Já Boris Tabacof, diretor do Departamento de Economia do Centro das Indústrias do Estado de São Paulo (Ciesp), afirma que o setor produtivo mantém a esperança de que o País alcançará uma taxa real de juros civilizada até o fim do ano. "A redução da Selic, embora tímida, amplia a convicção de um cenário favorável ao investimento e às decisões de negócios, principalmente no segundo semestre de 2006, o que será importante para definir de que maneira o País caminhará em 2007".

Tabacof acredita no cumprimento da meta de inflação neste ano, uma vez que não há fatores que apontam para pressões sobre os preços livres e monitorados. "Vamos torcer para que o Copom continue baixando os juros e acreditando que o País pode crescer acima de 3,5% ou 4%, sem problemas inflacionários"

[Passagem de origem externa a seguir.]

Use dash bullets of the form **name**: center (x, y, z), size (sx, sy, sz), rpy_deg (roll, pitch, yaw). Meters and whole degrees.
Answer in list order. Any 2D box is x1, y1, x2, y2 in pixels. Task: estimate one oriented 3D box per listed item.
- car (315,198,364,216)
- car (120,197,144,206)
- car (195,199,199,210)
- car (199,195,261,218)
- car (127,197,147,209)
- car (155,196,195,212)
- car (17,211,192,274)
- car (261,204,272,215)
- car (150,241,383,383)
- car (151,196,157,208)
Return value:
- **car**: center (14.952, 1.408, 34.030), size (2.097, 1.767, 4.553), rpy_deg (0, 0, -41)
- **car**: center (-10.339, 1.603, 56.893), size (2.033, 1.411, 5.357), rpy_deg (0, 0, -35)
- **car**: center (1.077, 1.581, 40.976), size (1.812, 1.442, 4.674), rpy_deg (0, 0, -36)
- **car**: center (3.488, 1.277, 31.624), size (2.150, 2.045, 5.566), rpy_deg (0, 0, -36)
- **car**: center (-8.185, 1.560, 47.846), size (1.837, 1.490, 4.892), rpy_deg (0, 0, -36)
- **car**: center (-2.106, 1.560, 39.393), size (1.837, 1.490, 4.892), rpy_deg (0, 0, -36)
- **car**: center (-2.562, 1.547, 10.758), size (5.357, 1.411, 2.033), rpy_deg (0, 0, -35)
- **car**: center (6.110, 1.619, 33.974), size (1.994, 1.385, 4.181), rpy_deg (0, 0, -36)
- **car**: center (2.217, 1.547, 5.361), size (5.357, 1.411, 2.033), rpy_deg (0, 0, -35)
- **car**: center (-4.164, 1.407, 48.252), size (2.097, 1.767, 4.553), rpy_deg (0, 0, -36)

O corte de 0,75 ponto porcentual também foi considerado tímido por representantes do comércio. Para eles, existem condições reais, como inflação sobre controle e atividade em desaceleração, para redução maior. "Ficamos, mais uma vez, decepcionados", afirmou o presidente da Associação Comercial de São Paulo, Guilherme Afif Domingos. Segundo ele, o desejo não é o abandono do combate à inflação, mas que não se percam as oportunidades para redução maior no juro.

Para o presidente da Federação do Comércio do Estado de São Paulo (Fecomércio-SP), Abram Szajman, o corte deveria ter sido de pelo menos 1 ponto porcentual. Na opinião do empresário, não é compreensível nem razoável que a taxa real de juros continue no mesmo nível da época em que o dólar estava em R$ 3 e o risco Brasil era dez vezes maior. "Parece que tudo muda, menos o conservadorismo do Copom."

José Arthur Assunção, vice-presidente da Acrefi, entidade que reúne as financeiras, apóia a decisão do Copom. Ele considera que não é hora para ser mais agressivo no corte dos juros, especialmente quando as taxas estão subindo no mundo.